> [ASSIGNED TASK]
Reproduce, with no changes, the line where "(0, 0); hole" appears and every subsequent line of the listing, the last one included.

Content starts

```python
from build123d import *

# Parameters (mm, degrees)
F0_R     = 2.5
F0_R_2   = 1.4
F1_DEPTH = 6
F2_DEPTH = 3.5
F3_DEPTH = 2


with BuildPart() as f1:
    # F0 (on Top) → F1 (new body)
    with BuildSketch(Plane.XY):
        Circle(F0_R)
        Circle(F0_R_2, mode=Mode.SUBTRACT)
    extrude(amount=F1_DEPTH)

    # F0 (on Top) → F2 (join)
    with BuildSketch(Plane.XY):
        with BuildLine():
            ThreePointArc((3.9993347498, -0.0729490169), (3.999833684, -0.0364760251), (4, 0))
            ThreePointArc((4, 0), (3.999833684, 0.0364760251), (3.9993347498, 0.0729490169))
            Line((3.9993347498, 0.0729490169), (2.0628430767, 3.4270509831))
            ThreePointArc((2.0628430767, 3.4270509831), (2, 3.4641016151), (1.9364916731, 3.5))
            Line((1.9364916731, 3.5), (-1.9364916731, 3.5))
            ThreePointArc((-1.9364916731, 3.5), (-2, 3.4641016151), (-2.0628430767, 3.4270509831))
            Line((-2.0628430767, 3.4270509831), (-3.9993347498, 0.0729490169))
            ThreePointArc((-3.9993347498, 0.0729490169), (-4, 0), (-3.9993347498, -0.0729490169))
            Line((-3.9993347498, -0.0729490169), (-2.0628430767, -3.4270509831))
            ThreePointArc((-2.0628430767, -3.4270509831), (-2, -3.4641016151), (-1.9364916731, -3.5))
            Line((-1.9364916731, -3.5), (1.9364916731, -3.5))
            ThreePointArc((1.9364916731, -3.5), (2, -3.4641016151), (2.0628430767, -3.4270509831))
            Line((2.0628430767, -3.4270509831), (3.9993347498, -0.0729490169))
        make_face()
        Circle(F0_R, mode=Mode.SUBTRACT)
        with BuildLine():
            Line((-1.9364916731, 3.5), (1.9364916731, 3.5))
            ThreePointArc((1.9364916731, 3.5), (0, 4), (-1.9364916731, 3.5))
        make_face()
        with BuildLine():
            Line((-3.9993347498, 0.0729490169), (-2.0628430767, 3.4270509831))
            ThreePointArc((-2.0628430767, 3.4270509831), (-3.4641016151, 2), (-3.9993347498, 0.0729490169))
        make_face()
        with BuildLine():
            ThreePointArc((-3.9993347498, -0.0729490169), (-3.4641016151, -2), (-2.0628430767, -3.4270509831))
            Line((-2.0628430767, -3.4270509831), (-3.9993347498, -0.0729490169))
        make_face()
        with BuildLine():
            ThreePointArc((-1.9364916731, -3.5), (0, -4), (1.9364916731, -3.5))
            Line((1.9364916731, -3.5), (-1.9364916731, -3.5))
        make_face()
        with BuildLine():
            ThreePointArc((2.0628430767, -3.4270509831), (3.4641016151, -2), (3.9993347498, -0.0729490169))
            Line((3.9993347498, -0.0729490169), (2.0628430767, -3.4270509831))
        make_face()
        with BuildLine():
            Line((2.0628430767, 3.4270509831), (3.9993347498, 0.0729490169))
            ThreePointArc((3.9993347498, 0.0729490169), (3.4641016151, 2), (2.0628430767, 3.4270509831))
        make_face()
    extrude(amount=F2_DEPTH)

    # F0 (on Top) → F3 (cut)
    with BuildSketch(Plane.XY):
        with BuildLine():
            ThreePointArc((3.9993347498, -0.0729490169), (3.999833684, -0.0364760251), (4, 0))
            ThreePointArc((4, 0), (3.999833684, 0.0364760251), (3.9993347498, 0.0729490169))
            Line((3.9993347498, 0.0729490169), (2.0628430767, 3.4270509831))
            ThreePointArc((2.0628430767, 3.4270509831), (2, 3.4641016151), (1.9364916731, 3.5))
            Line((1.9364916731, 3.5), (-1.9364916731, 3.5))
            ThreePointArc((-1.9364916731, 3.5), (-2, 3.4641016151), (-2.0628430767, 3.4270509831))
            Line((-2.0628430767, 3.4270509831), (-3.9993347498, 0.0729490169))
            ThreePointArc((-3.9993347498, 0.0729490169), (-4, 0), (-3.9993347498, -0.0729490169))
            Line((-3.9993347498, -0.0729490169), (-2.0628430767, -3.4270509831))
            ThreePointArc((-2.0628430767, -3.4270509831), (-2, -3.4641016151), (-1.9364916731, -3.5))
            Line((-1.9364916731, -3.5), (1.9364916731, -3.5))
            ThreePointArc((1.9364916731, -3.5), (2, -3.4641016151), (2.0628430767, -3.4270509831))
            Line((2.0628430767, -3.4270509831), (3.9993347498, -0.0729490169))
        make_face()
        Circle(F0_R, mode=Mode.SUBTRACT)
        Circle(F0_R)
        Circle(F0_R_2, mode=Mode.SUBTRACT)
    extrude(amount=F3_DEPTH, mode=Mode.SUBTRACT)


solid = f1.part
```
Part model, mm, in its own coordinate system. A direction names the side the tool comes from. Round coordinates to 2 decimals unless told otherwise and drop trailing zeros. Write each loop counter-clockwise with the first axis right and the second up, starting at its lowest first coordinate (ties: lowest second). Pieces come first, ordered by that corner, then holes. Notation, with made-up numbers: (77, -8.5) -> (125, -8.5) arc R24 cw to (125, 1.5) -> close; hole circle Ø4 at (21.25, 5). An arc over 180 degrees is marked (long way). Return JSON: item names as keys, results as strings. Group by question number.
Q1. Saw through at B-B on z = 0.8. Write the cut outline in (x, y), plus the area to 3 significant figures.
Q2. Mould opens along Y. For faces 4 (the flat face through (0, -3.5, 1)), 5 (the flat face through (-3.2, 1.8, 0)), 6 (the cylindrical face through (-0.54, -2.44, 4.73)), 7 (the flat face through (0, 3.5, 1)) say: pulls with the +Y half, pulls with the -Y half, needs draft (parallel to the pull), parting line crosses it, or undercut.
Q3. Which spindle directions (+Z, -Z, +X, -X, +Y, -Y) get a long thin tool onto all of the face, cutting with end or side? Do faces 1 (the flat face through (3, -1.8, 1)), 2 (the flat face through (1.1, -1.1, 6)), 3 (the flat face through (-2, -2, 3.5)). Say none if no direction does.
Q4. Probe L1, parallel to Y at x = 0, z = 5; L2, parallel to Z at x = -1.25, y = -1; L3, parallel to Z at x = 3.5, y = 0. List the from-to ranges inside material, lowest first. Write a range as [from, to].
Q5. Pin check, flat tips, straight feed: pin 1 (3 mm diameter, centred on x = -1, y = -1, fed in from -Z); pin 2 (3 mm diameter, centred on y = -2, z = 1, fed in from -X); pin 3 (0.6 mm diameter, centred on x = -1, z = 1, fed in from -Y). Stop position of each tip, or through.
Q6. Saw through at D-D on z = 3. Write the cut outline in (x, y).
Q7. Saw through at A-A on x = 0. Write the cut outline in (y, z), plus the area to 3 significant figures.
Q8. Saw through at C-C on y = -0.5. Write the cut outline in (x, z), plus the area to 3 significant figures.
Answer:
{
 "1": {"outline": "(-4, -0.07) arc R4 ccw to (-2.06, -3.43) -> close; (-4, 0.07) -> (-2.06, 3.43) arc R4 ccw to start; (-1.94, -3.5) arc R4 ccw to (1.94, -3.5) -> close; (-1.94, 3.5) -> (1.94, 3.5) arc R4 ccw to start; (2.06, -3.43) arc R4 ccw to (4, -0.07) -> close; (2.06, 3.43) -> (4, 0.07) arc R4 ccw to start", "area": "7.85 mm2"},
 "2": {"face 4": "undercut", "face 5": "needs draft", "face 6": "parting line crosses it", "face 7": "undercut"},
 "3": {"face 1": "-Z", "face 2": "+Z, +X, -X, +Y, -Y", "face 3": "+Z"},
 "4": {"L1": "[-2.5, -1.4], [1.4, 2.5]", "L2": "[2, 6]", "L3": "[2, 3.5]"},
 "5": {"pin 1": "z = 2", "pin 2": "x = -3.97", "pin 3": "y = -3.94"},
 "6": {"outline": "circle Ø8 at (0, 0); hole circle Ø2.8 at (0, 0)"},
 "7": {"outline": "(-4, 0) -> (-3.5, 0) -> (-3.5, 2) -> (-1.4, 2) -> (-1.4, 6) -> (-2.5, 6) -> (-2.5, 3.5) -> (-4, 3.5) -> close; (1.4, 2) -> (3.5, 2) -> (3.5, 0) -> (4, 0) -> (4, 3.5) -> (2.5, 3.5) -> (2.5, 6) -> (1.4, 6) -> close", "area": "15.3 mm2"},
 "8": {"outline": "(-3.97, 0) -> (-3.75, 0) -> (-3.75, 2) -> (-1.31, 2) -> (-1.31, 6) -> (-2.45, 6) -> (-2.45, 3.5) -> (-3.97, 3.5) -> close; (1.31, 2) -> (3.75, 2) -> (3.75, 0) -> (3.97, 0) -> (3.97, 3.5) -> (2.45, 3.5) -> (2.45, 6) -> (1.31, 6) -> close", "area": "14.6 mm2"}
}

Content ends

> [SOLUTION FOR THIS TASK]
 "6": {"outline": "circle Ø8 at (0, 0); hole circle Ø2.8 at (0, 0)"},
 "7": {"outline": "(-4, 0) -> (-3.5, 0) -> (-3.5, 2) -> (-1.4, 2) -> (-1.4, 6) -> (-2.5, 6) -> (-2.5, 3.5) -> (-4, 3.5) -> close; (1.4, 2) -> (3.5, 2) -> (3.5, 0) -> (4, 0) -> (4, 3.5) -> (2.5, 3.5) -> (2.5, 6) -> (1.4, 6) -> close", "area": "15.3 mm2"},
 "8": {"outline": "(-3.97, 0) -> (-3.75, 0) -> (-3.75, 2) -> (-1.31, 2) -> (-1.31, 6) -> (-2.45, 6) -> (-2.45, 3.5) -> (-3.97, 3.5) -> close; (1.31, 2) -> (3.75, 2) -> (3.75, 0) -> (3.97, 0) -> (3.97, 3.5) -> (2.45, 3.5) -> (2.45, 6) -> (1.31, 6) -> close", "area": "14.6 mm2"}
}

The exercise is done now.